I am solving a question on LeetCode:

Given a matrix consists of 0 and 1, find the distance of the nearest 0 for each cell. The distance between two adjacent cells is 1 (important point).

If input:

[[0,0,0],
 [0,1,0],
 [1,1,1]]

then output:

[[0,0,0],
 [0,1,0],
 [1,2,1]]

The code that I wrote adds all the 0s' locations into a queue and carries out a BFS from each such location in the queue. Unfortunately it times out.

The highly upvoted solution given is like this:

public class Solution {
    public int[][] updateMatrix(int[][] matrix) {
        int m = matrix.length;
        int n = matrix[0].length;

        Queue<int[]> queue = new LinkedList<>();
        for (int i = 0; i < m; i++) {
            for (int j = 0; j < n; j++) {
                if (matrix[i][j] == 0) {
                    queue.offer(new int[] {i, j});
                }
                else {
                    matrix[i][j] = Integer.MAX_VALUE;
                }
            }
        }

        int[][] dirs = {{-1, 0}, {1, 0}, {0, -1}, {0, 1}};

        while (!queue.isEmpty()) {
            int[] cell = queue.poll();
            for (int[] d : dirs) {
                int r = cell[0] + d[0];
                int c = cell[1] + d[1];
                if (r < 0 || r >= m || c < 0 || c >= n || 
                    matrix[r][c] <= matrix[cell[0]][cell[1]] + 1) continue;
                queue.add(new int[] {r, c});
                matrix[r][c] = matrix[cell[0]][cell[1]] + 1;
            }
        }

        return matrix;
    }
}

While I do more-or-less understand how it works, I had the following question:

Why do we have to check if matrix[r][c] <= matrix[cell[0]][cell[1]] + 1 - doesn't a BFS guarantee that if the edge costs are equal, then the path it found to a particular node is the shortest? Why do we have to check it then?

Answer 1

The problem can also be easily solved in Nlog(N), where N is the total number of cells in the matrix, using Dijkstra's Algorithm.

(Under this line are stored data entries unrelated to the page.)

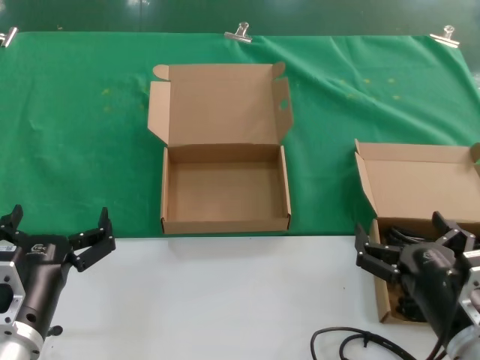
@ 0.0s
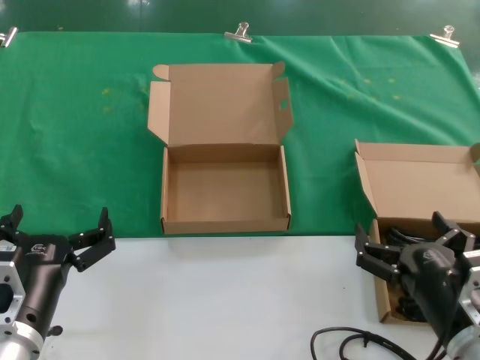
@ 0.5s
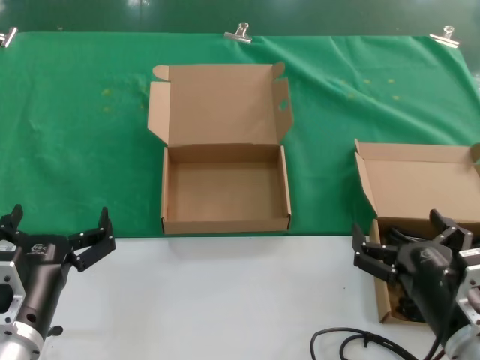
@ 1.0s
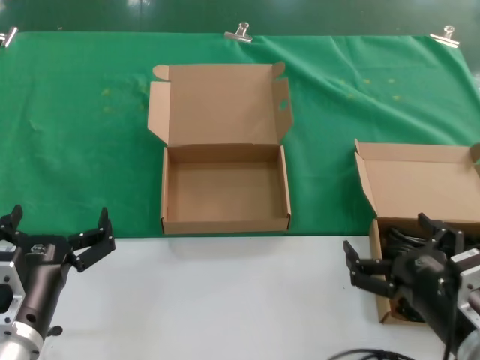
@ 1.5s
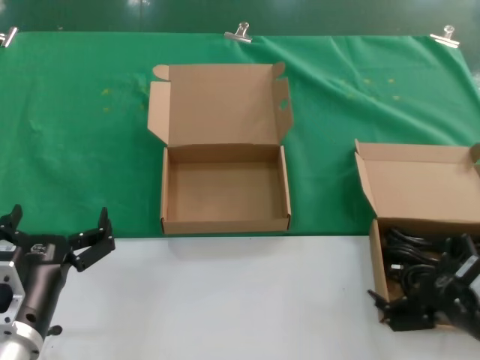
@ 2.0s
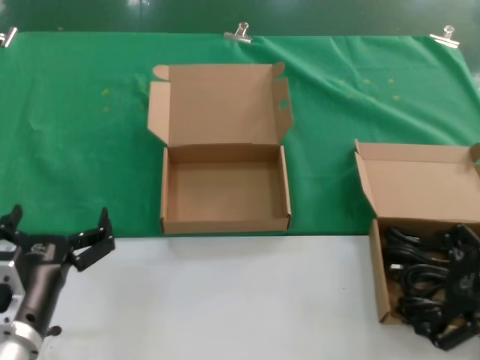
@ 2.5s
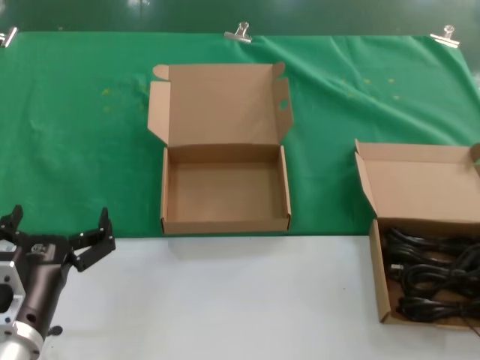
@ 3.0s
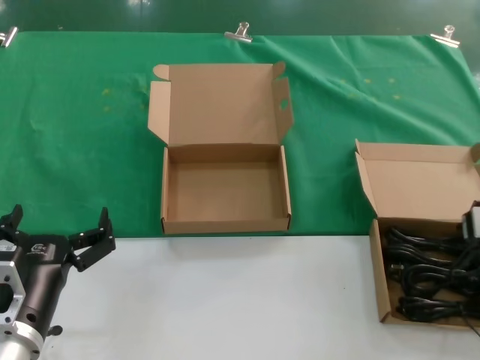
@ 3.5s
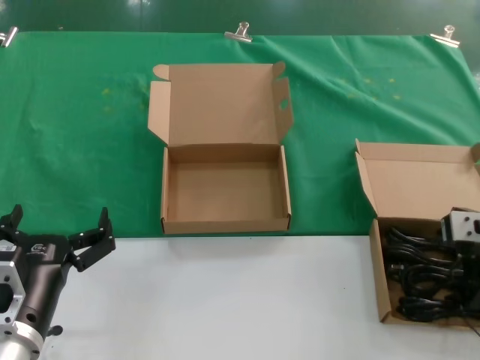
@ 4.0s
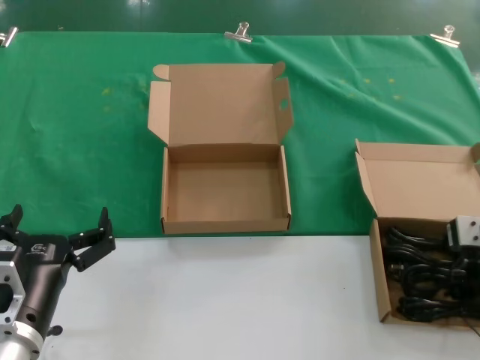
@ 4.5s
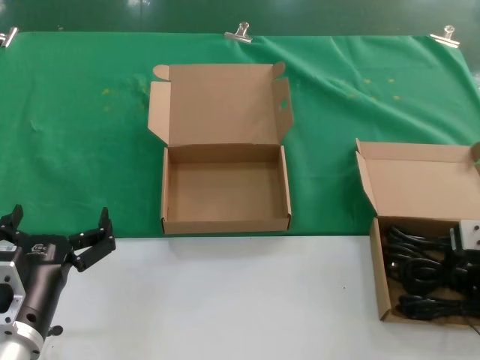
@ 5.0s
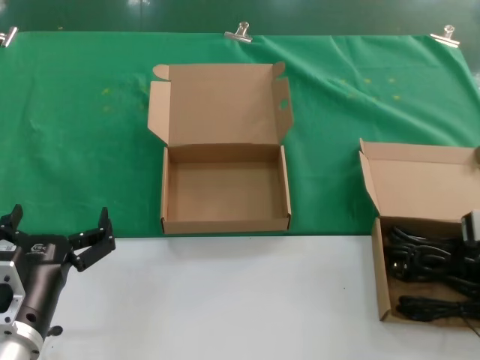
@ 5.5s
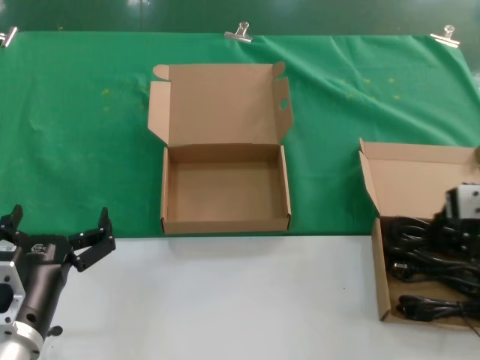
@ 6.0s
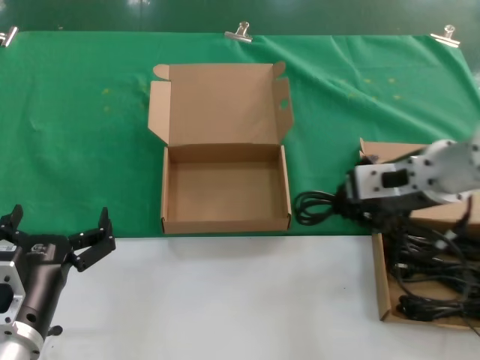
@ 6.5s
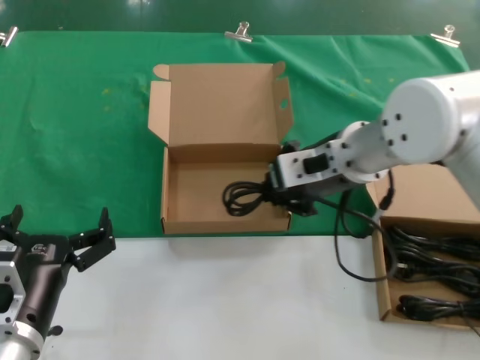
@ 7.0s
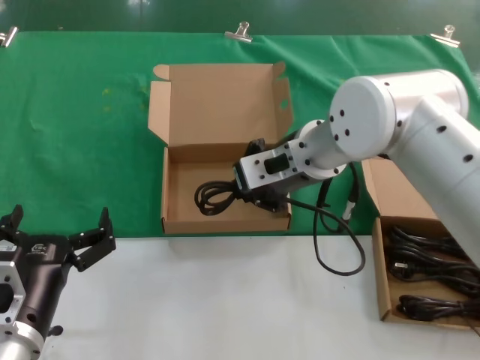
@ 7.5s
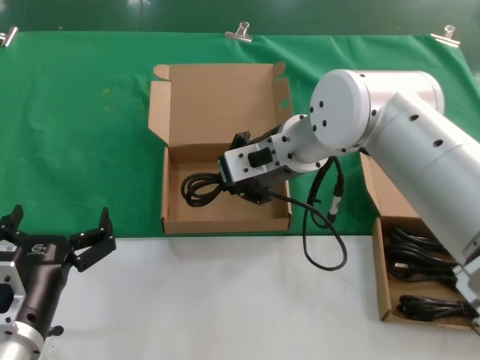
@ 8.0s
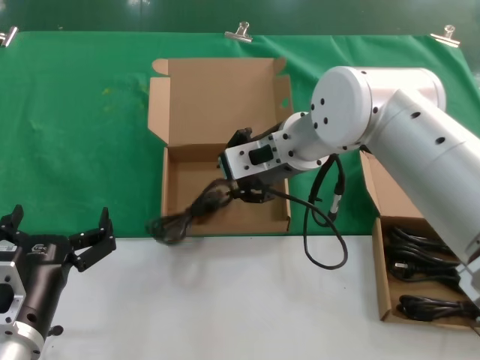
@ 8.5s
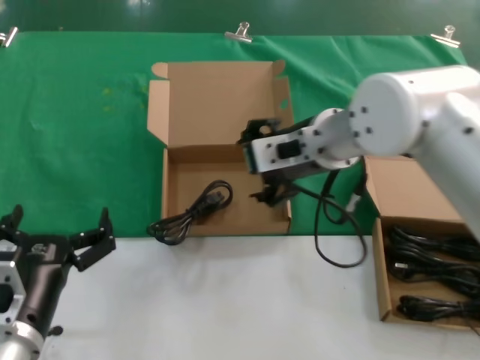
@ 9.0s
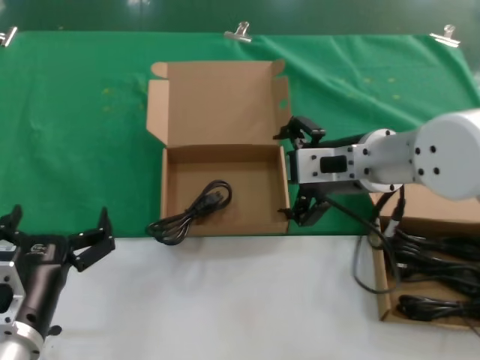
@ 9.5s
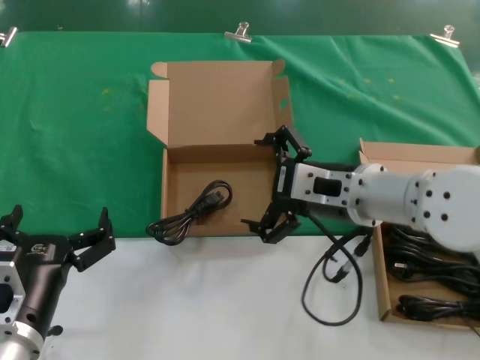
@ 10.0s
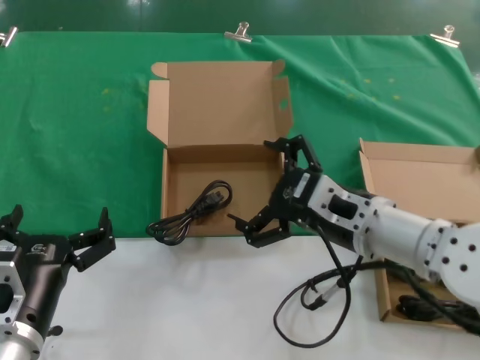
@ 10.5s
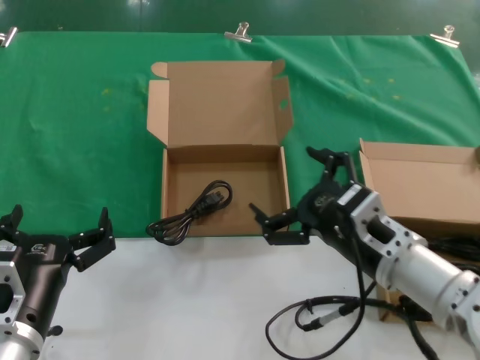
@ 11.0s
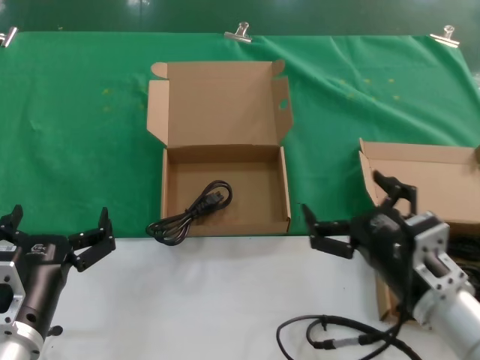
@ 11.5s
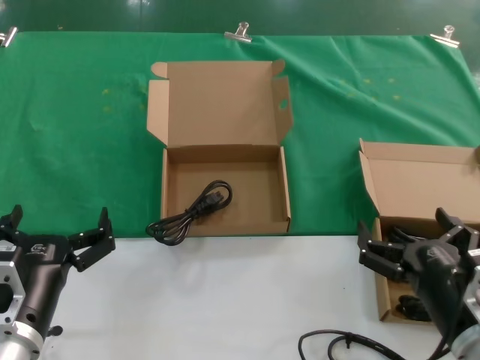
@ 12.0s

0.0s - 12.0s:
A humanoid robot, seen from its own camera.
Task of the whole recording: take the parts from the box containing them and put them into an empty box.
Step, 0.0s - 4.5s: Grasp the data cable.
Step, 5.0s - 8.5s: Place the data cable in the another box.
0.0s - 2.0s: The right hand travels to the right and upward by some 10 cm.
2.0s - 4.0s: The right hand travels forward and upward by roughly 20 cm.
4.0s - 6.0s: The right hand travels upward by approximately 5 cm.
6.0s - 8.0s: The right hand is displaced to the left and forward by roughly 25 cm.
8.0s - 10.0s: The right hand travels to the right and backward by approximately 10 cm.
10.0s - 12.0s: The right hand travels downward, backward and to the right by roughly 25 cm.

The only change that you need to make is, instead of one destination, you will consider all 0's as the destination.

So the initial distance of all the 0's will be zero. Then you can simply proceed with Dijkstra.

Update: Solution posted by you is better as its time complexity is O(N).

Answer 2

This check is performed to ensure that we do not continue processing a path when it will not give a better result.

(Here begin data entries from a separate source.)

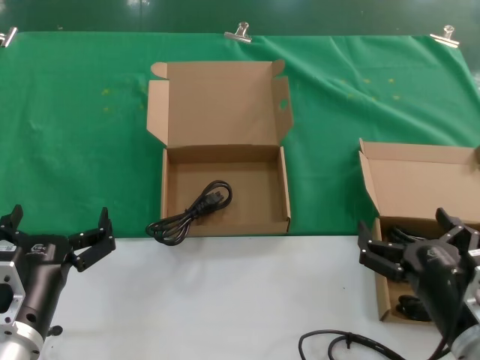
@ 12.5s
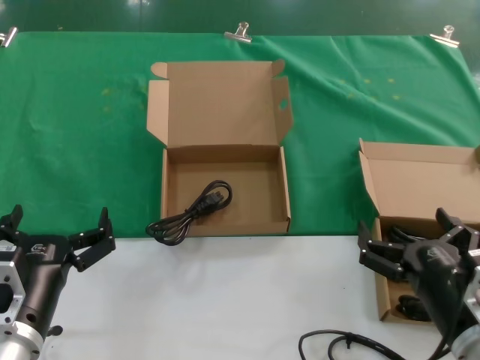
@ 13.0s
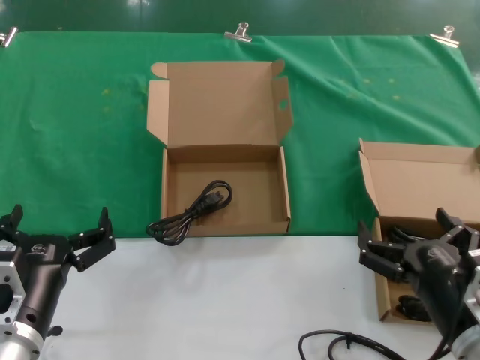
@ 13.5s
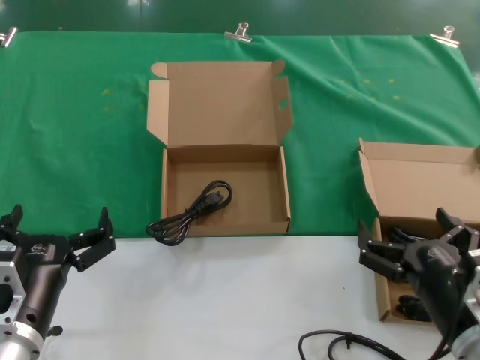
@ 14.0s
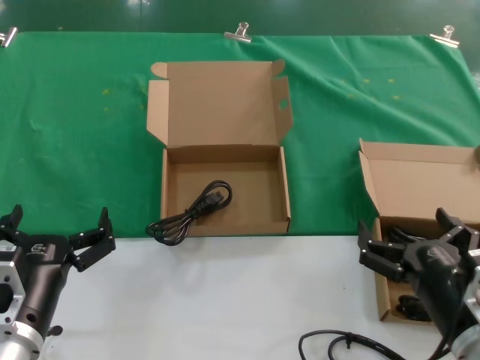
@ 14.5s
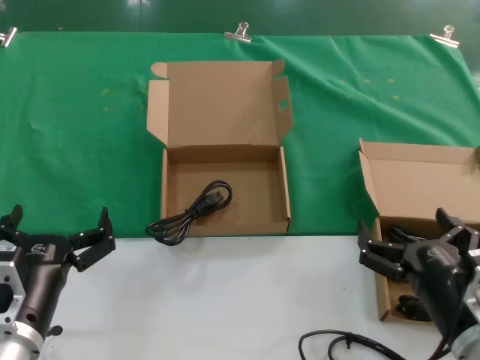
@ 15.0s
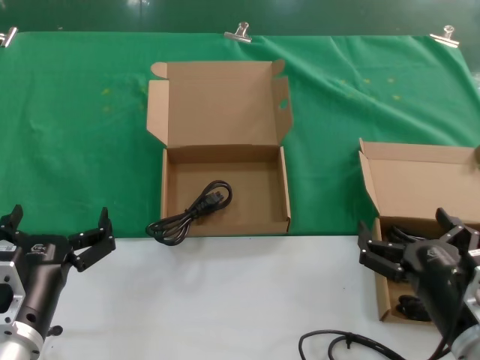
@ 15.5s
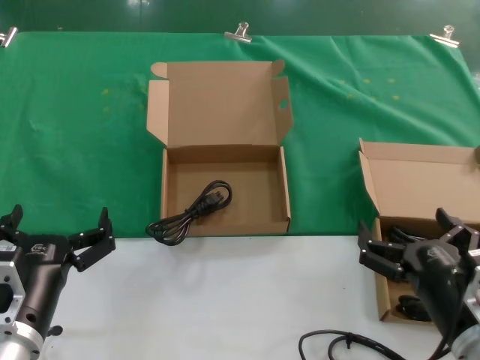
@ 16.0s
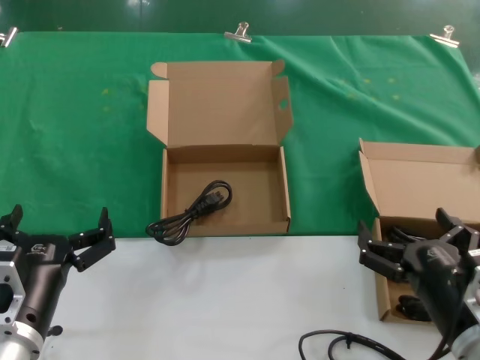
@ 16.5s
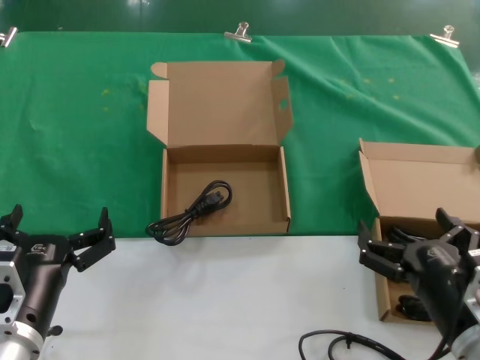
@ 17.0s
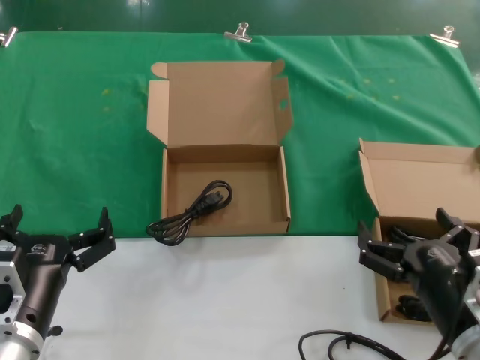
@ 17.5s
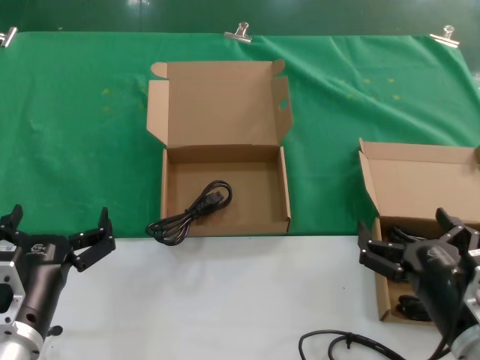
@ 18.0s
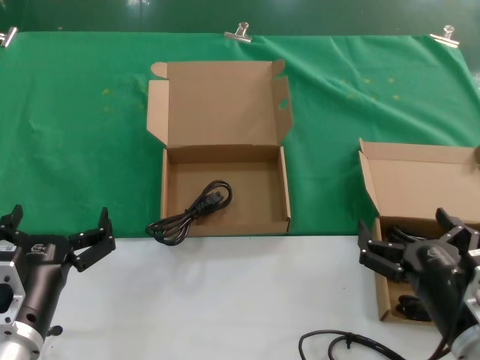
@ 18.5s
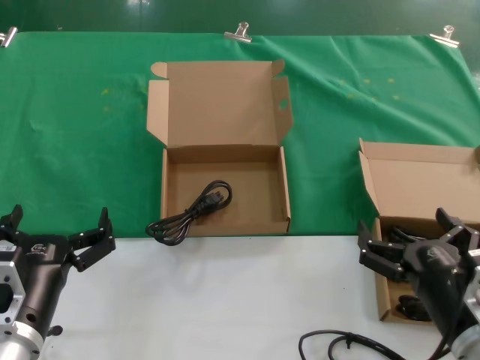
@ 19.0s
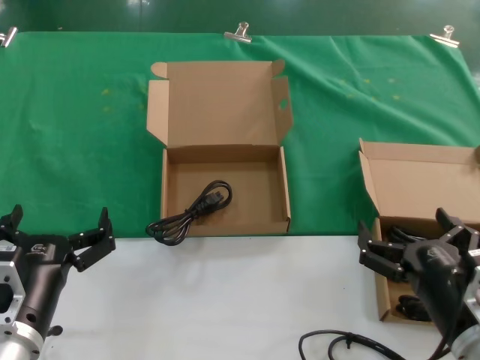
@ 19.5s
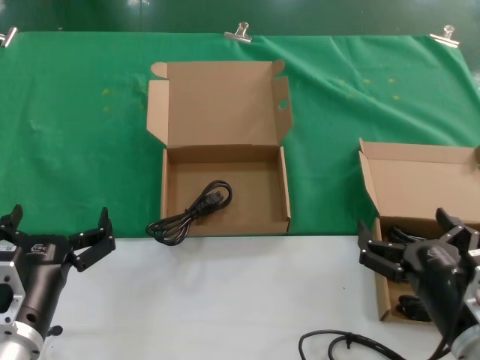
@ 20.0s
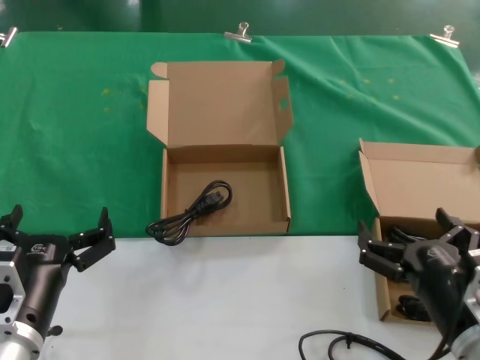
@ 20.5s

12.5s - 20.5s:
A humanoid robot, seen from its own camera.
Task of the whole recording: take the parts from the box containing them and put them into an empty box.
12.5s - 20.5s: The two hands keep their place.

Your BFS solution is fine, but not efficient enough. By aborting early, you ensure that you do not perform useless operations and thus will not time out.

Answer 3

There is no guarantee that matrix[r][c] will be reached by the BFS algorithm only once. In fact, in this problem it will be reached multiple times. The guarantee you're talking about is only in force when matrix[r][c] is reached for the first time.

So, an alternative solution would be to keep another matrix of Boolean values marking whether each cell has been visited or not, and replace the check you mention with !visited[r][c]. However, keeping the extra matrix would require extra memory - that's the reason to prefer the current approach.